For Christians, whose understanding of life, death and future life is set within the context of the life, death and resurrection of Jesus Christ and the practice of the faith, such common understandings are predicated on scripture, tradition, reason and experience as the framework within which understandings of death, grief and mourning are articulated. Because neither understanding nor articulation are static but dynamic, both, whilst drawing on the past, evolve and find their expression in new and culturally relevant contexts. From the ars moriendi of the Middle Ages to the Death Cafes and online resources of the 21st centuries, how we deal with death in healthy and constructive ways remains an on-going process. What is important is that we do, in fact, engage with death rather than colluding with a culture of denial or ‘taboo’ that leaves people ill prepared to deal with the reality of death and of our mortality.

For Christians, our understanding of, and responses to, death will always be ‘future facing’ (eschatological) since we believe that our life, both now and in the future, is inextricably bound up with God’s purposes, made visible in the life, death and resurrection of Jesus.

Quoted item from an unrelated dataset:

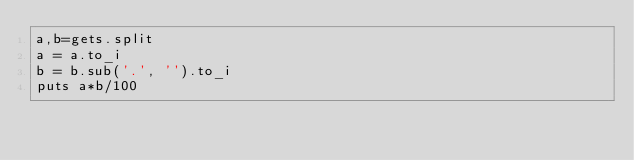Convert code to text. <code><loc_0><loc_0><loc_500><loc_500><_Ruby_>a,b=gets.split
a = a.to_i
b = b.sub('.', '').to_i
puts a*b/100
</code>

Thus, for Christians, whilst death is unavoidably ‘an’ end it is not, and can no longer be, ‘the’ end; for the Christian story points us beyond this life to participation in a new, but not discontinuous, life in Christ. How this is to be experienced, however, lies beyond our articulation and must remain, at best, speculative. What is important is how we live now in the anticipation not only of our future life but the knowledge that we, and those around us, will one day die.

Our theology of death, therefore, cannot be de-coupled from our understanding of what it means to be human, of personhood and ‘identity’. In an age when received paradigms of these are shifting with scientific advances and health expectations, not least in the fields of genetics, human enhancement and ageing, the challenge to both Christian theology and Christian ethics remains unabated.

 

NOTE

The poem, 'Hold out your arms', published in The Guardian on 6 June 2017, is included in the second edition of Helen Dunmore’s last volume of poetry, Inside the Wave (Bloodaxe Books, 2017).